Read our thorough step-by-step guide on how to transfer your property in Louisiana and download our Louisiana quitclaim deed template.

Last update: 6 Dec 2023

Download Louisiana Quitclaim Deed Form [PDF]

The Louisiana quitclaim deed is a document that one person, called the grantor, uses to transfer their property to another person, called the grantee.

This type of quitclaim deed, unlike the warranty deed and the special warranty deed, doesn’t provide any warranties for the property title. The new owner receives the property title as is, and the previous owner is not responsible in case some title defects appear later. Therefore, it is often used in ownership transfers between trusted parties or family members.

The advantage of the general quitclaim deed over other types of deeds is its simple form. This makes the property transfer with a quitclaim deed much faster compared to the other types.

Quitclaim Deed Important Laws & Requirements in Louisiana

Laws & Requirements

  • Statute: Transfer of immovable property. (CC 1839)

  • Signing requirements: The grantor should sign the quitclaim deed before the notary public and two witnesses. (CC 1833, 1839, 2440)

  • Recording: The parties should submit the quitclaim deed to the Louisiana Clerk of Court’s Office for document recording.

  • Recording fees: (§ 844(A)(1)(a))

    • One to five pages - $100

    • Six to twenty-five pages - $200

    • Twenty-six to fifty pages - $300

    • Fifty pages and more - $300 for the first 50 pages and $5 for every additional page.

When to Use a Quitclaim Deed in Louisiana

The general quitclaim deed is the most simple way to transfer property. However, the form lacks warranties for the buyer or the grantor. These features make the quitclaim deed perfect to be used in the following situations.

#1. Title Modifications

The grantor can use this type of deed to change the information in the title in a more simple way than through the regular procedure. The grantor can change the title due to an error in the title or when some information in the title needs to be updated.

#2. Property Transfer

The most common use for the quitclaim deed is for the transfer of property. By signing the quitclaim deed, the grantor simply transfers all their interests to the grantee without providing guarantees that they are authorized to transfer the property or that there are no other claims.
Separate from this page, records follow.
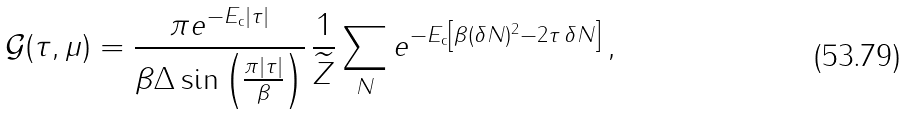Convert formula to latex. <formula><loc_0><loc_0><loc_500><loc_500>\mathcal { G } ( \tau , \mu ) & = \frac { { \pi } e ^ { - E _ { \text {c} } | \tau | } } { { \beta \Delta } \sin \left ( \frac { \pi | \tau | } { \beta } \right ) } \, \frac { 1 } { \widetilde { Z } } \sum _ { N } e ^ { - E _ { \text {c} } \left [ \beta ( { \delta N } ) ^ { 2 } - 2 \tau \, \delta N \right ] } \, ,</formula> 
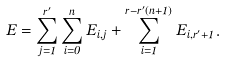Convert formula to latex. <formula><loc_0><loc_0><loc_500><loc_500>E = \sum _ { j = 1 } ^ { r ^ { \prime } } \sum _ { i = 0 } ^ { n } E _ { i , j } + \sum _ { i = 1 } ^ { r - r ^ { \prime } ( n + 1 ) } E _ { i , r ^ { \prime } + 1 } .</formula> 
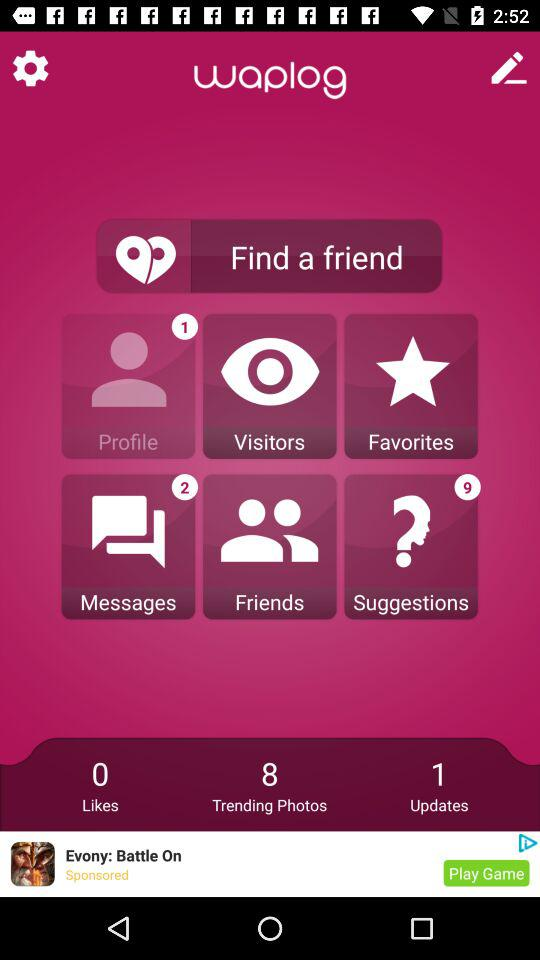How many updates are available in "waplog"? There is 1 update available in "waplog". 
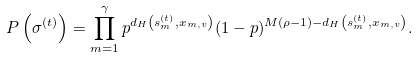Convert formula to latex. <formula><loc_0><loc_0><loc_500><loc_500>P \left ( \sigma ^ { ( t ) } \right ) = \prod _ { m = 1 } ^ { \gamma } p ^ { d _ { H } \left ( { s } _ { m } ^ { ( t ) } , { x } _ { m , v } \right ) } ( 1 - p ) ^ { M ( \rho - 1 ) - d _ { H } \left ( { s } _ { m } ^ { ( t ) } , { x } _ { m , v } \right ) } .</formula> 
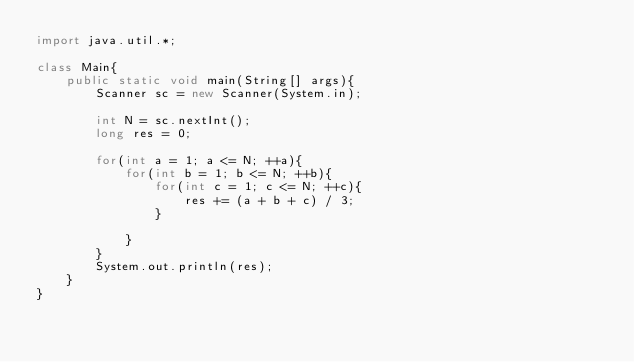<code> <loc_0><loc_0><loc_500><loc_500><_Java_>import java.util.*;
 
class Main{
    public static void main(String[] args){
        Scanner sc = new Scanner(System.in);
 
        int N = sc.nextInt();
        long res = 0;
        
        for(int a = 1; a <= N; ++a){
            for(int b = 1; b <= N; ++b){
                for(int c = 1; c <= N; ++c){
                    res += (a + b + c) / 3;
                }
 
            }
        }
        System.out.println(res);
    }
}</code>

Therefore, this type of deed should be used only between trusted parties or family members.

#3. Living Trust Transfer

The grantor can use the general quitclaim deed form to transfer their property to their living trust. This action doesn’t require any additional guarantees, and it is, therefore, perfect to be completed using the quitclaim deed.

How to Create a Quitclaim Deed in Louisiana

#1. Fill Out The Form

Insert information about the parties that are involved in the transaction. The general form should include their names, mailing addresses, ID numbers, and marital statuses.
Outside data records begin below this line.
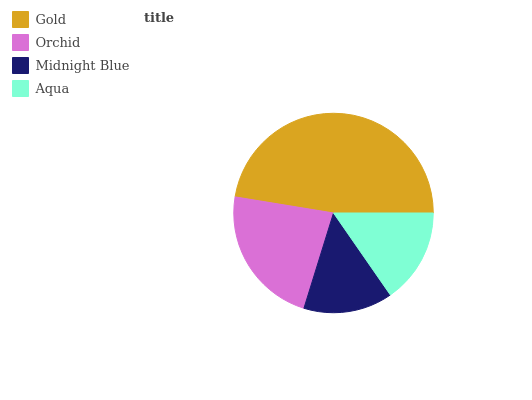Is Midnight Blue the minimum?
Answer yes or no. Yes. Is Gold the maximum?
Answer yes or no. Yes. Is Orchid the minimum?
Answer yes or no. No. Is Orchid the maximum?
Answer yes or no. No. Is Gold greater than Orchid?
Answer yes or no. Yes. Is Orchid less than Gold?
Answer yes or no. Yes. Is Orchid greater than Gold?
Answer yes or no. No. Is Gold less than Orchid?
Answer yes or no. No. Is Orchid the high median?
Answer yes or no. Yes. Is Aqua the low median?
Answer yes or no. Yes. Is Gold the high median?
Answer yes or no. No. Is Gold the low median?
Answer yes or no. No. 
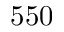<formula> <loc_0><loc_0><loc_500><loc_500>5 5 0</formula> 
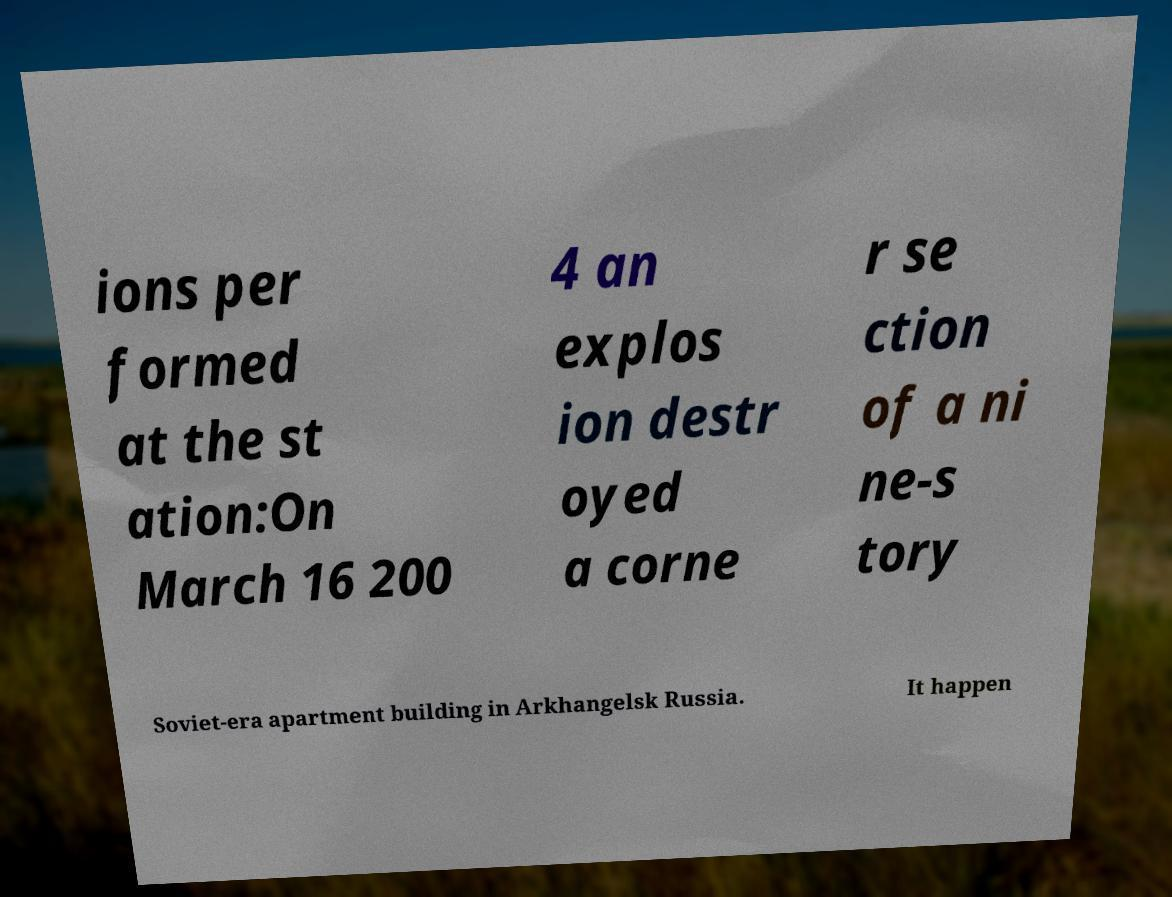I need the written content from this picture converted into text. Can you do that? ions per formed at the st ation:On March 16 200 4 an explos ion destr oyed a corne r se ction of a ni ne-s tory Soviet-era apartment building in Arkhangelsk Russia. It happen 
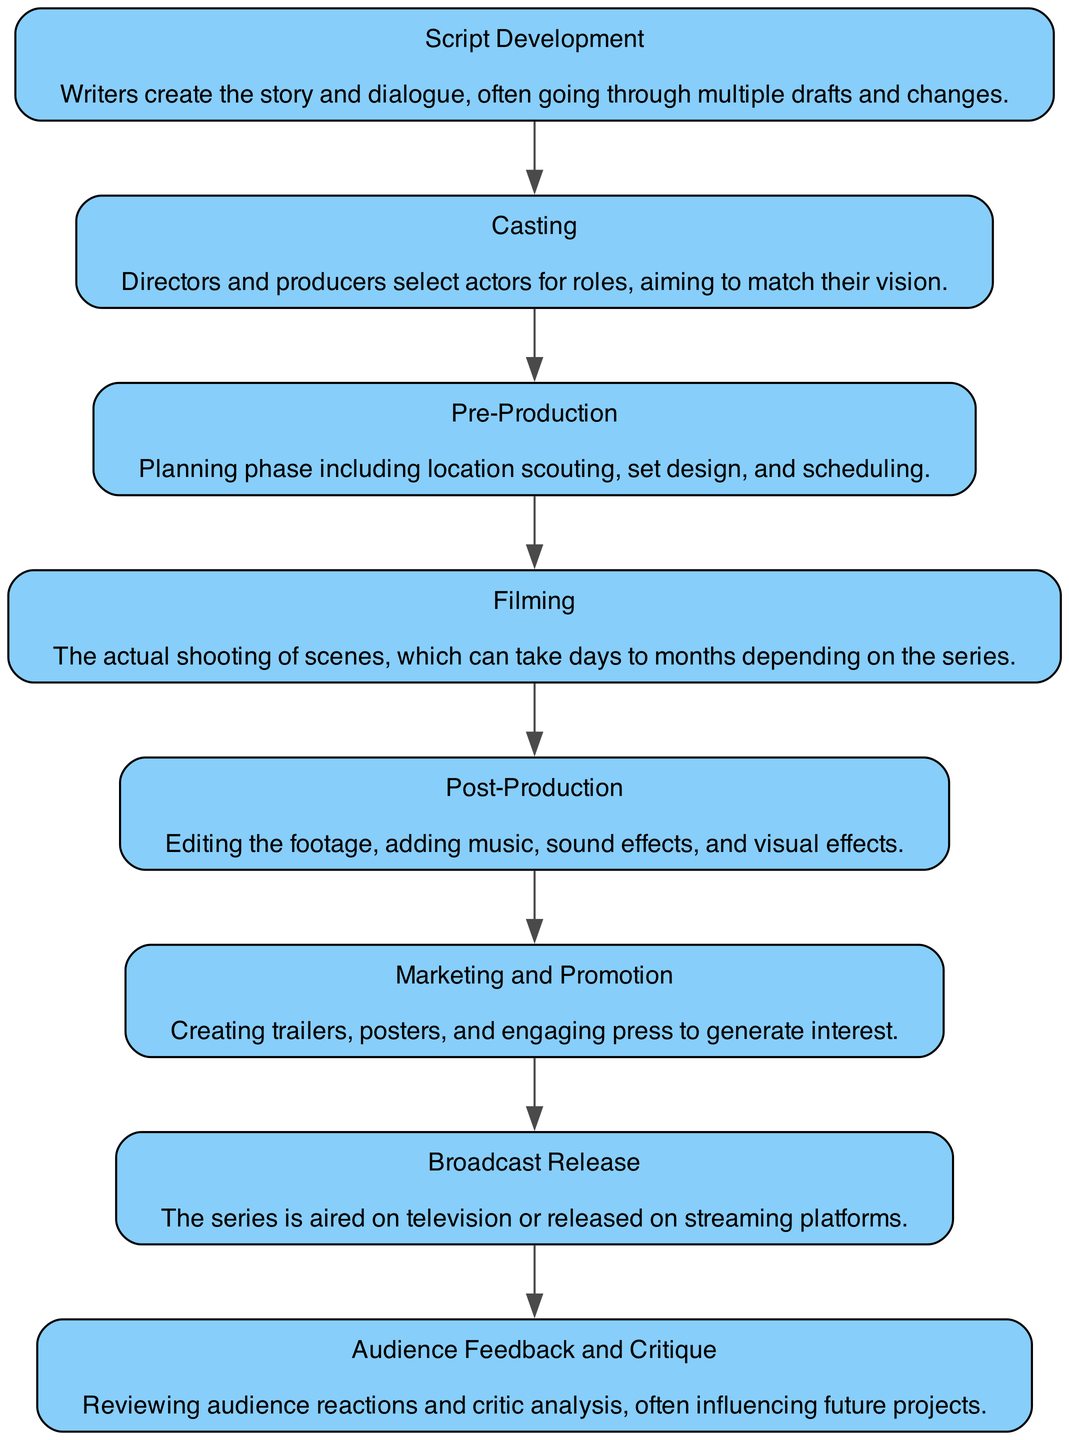What is the first step in the workflow? The first step in the workflow is represented as the first node in the flowchart, which is "Script Development."
Answer: Script Development How many total steps are there in the British drama series production workflow? By counting the nodes depicted in the flowchart, there are 8 distinct steps listed.
Answer: 8 What comes after Casting? Following the "Casting" node in the flowchart, the next step is "Pre-Production."
Answer: Pre-Production Which step deals with editing the footage? The "Post-Production" step focuses on the editing of the footage, along with adding music and effects.
Answer: Post-Production What is the final stage before the series is aired? The last process depicted before broadcast release is "Marketing and Promotion," which generates interest through trailers and posters.
Answer: Marketing and Promotion What steps are involved between Filming and Broadcast Release? Between the "Filming" and "Broadcast Release," the workflow proceeds through "Post-Production" and "Marketing and Promotion."
Answer: Post-Production and Marketing and Promotion Which phase includes location scouting? The phase that encompasses location scouting is "Pre-Production," where planning occurs prior to filming.
Answer: Pre-Production What feedback influences future projects? The "Audience Feedback and Critique" step provides insights from the audience, which can affect the direction of future productions.
Answer: Audience Feedback and Critique

If some of the parties are legal persons, the form should include the registered name, mailing address, status, and registration number.

#2. Add the “Note Consideration”

The note consideration describes the value that the parties exchange in connection with the transaction. The property transfer can be made with or without consideration (as a gift). 
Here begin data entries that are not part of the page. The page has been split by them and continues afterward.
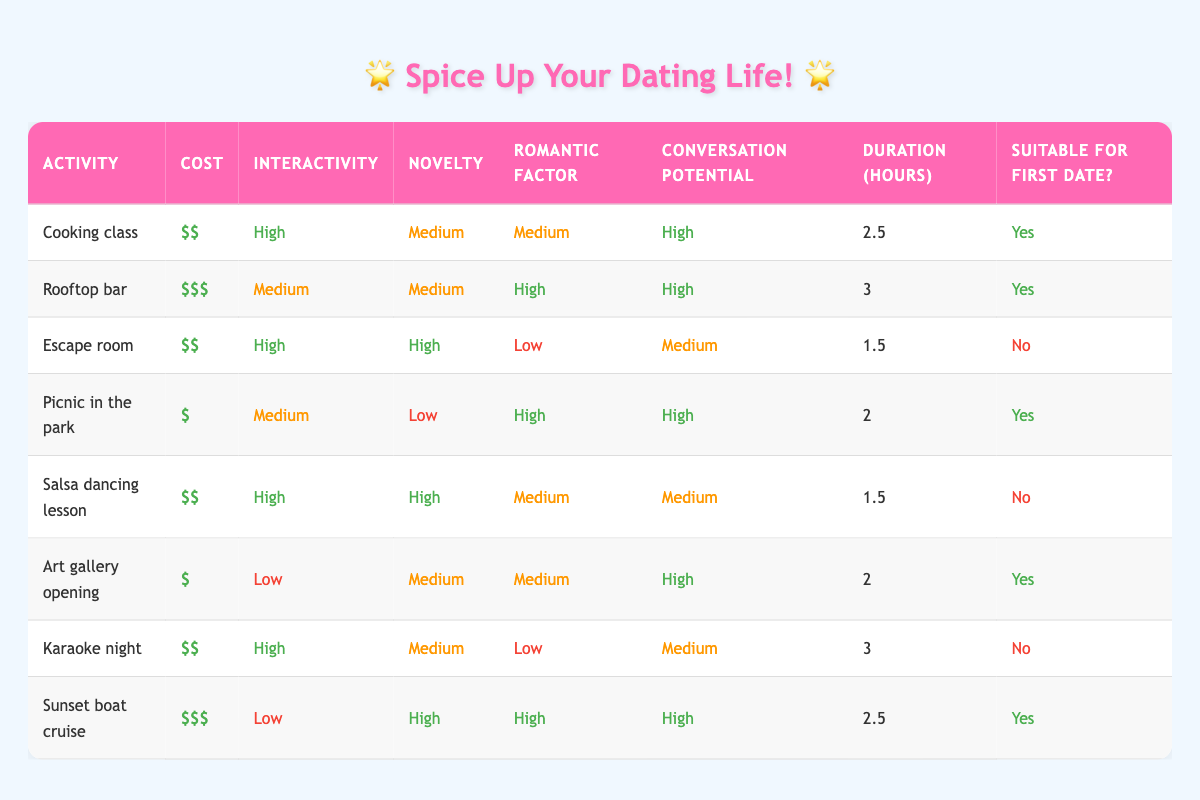What is the activity with the highest romantic factor? Looking at the table, the activity with the highest romantic factor is the rooftop bar, which has a romantic factor classified as high.
Answer: Rooftop bar How many date options are suitable for a first date? Filtering the table for activities that are suitable for a first date, we find cooking class, rooftop bar, picnic in the park, art gallery opening, and sunset boat cruise, which totals five options.
Answer: 5 What is the average duration of the activities suitable for a first date? The suitable activities and their durations are: cooking class (2.5), rooftop bar (3.0), picnic in the park (2.0), art gallery opening (2.0), and sunset boat cruise (2.5). The total duration is 2.5 + 3 + 2 + 2 + 2.5 = 12. Total activities = 5. Average = 12/5 = 2.4 hours.
Answer: 2.4 hours Is the escape room a suitable option for a first date? The table clearly states that the escape room is classified as not suitable for a first date.
Answer: No Which activity has the lowest cost and is also suitable for a first date? Reviewing the options in the table, the picnic in the park is the lowest cost option at $ and is also marked as suitable for a first date.
Answer: Picnic in the park What is the activity with the longest duration that is not suitable for a first date? Looking at the activities in the table, karaoke night lasts for 3 hours and is marked as not suitable for a first date, making it the longest such option.
Answer: Karaoke night How many options have high interactivity? By scanning the table for activities with high interactivity, we identify cooking class, escape room, salsa dancing lesson, and karaoke night. This sums up to four options.
Answer: 4 Which activity has the highest novelty factor and costs less than $100? The sunset boat cruise has the highest novelty factor classified as high and costs $$$, which is below $100 (assuming that is the reference cost). Alternatively, escape room has the highest novelty factor and costs $$$.
Answer: Escape room 
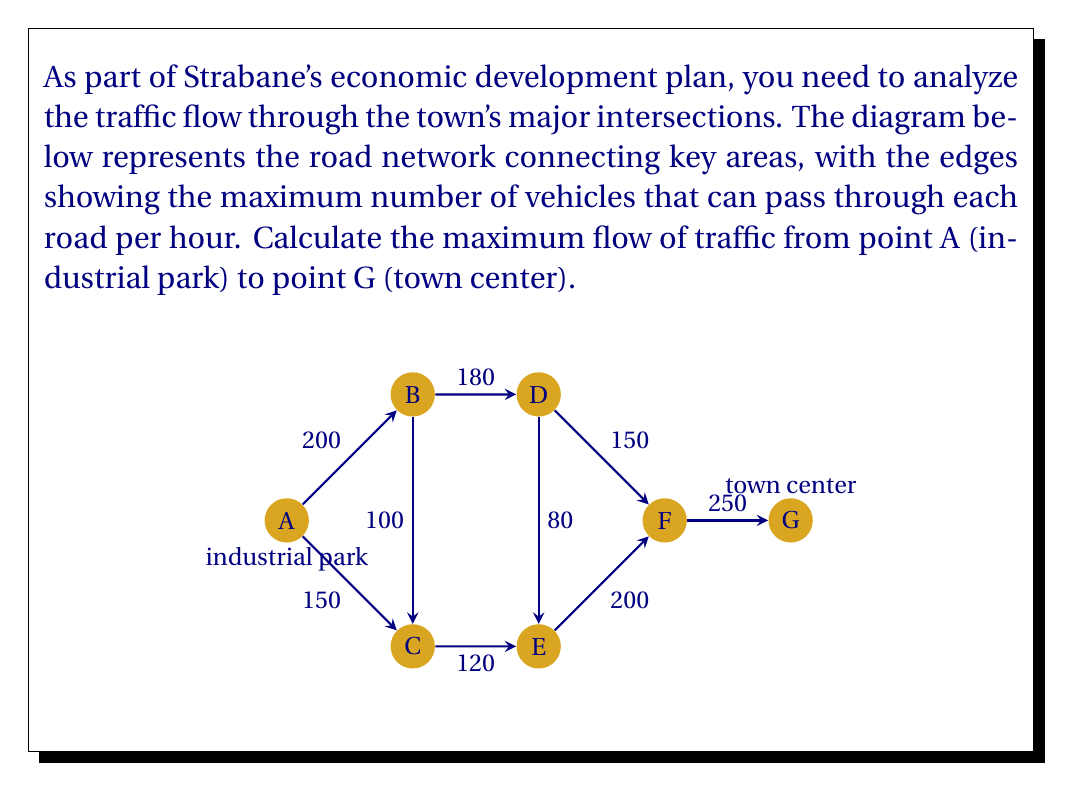Could you help me with this problem? To solve this maximum flow problem, we'll use the Ford-Fulkerson algorithm:

1) Initialize flow on all edges to 0.

2) Find an augmenting path from A to G:
   Path 1: A -> B -> D -> F -> G (min capacity: 150)
   Update flow: 
   A -> B: 150, B -> D: 150, D -> F: 150, F -> G: 150

3) Find another augmenting path:
   Path 2: A -> C -> E -> F -> G (min capacity: 120)
   Update flow:
   A -> C: 120, C -> E: 120, E -> F: 120, F -> G: 120 (total F -> G: 270)

4) Find another augmenting path:
   Path 3: A -> C -> B -> D -> F -> G (min capacity: 30)
   Update flow:
   A -> C: 150, C -> B: 30, B -> D: 30, D -> F: 30, F -> G: 30 (total F -> G: 300)

5) No more augmenting paths exist.

The maximum flow is the sum of all flows leaving the source A:
$$\text{Max Flow} = 150 + 150 = 300$$

This matches the total flow entering the sink G.
Answer: 300 vehicles per hour

The consideration can be set as a money transfer, a default on debt, the provision of certain services, or any other kind of value. The parties can also set the nominal price for the property transfer, while the real price will remain private.

#3. Write the Legal Description

The legal description helps the parties individualize the transferred property. It can include the section, township, block, subdivision name, map and plat number, and the address of the property.

#4. Sign & Get it Notarized

The grantor must sign the quitclaim deed form before the notary public and two witnesses.

#5. File the Quitclaim Deed

After completing all the steps, the parties should file the quitclaim deed with the governmental body in charge of the deed registration.

Where to File a Quitclaim Deed in Louisiana

In Louisiana, the parties file a quitclaim deed with the Louisiana Clerk of Court’s Office for document recording.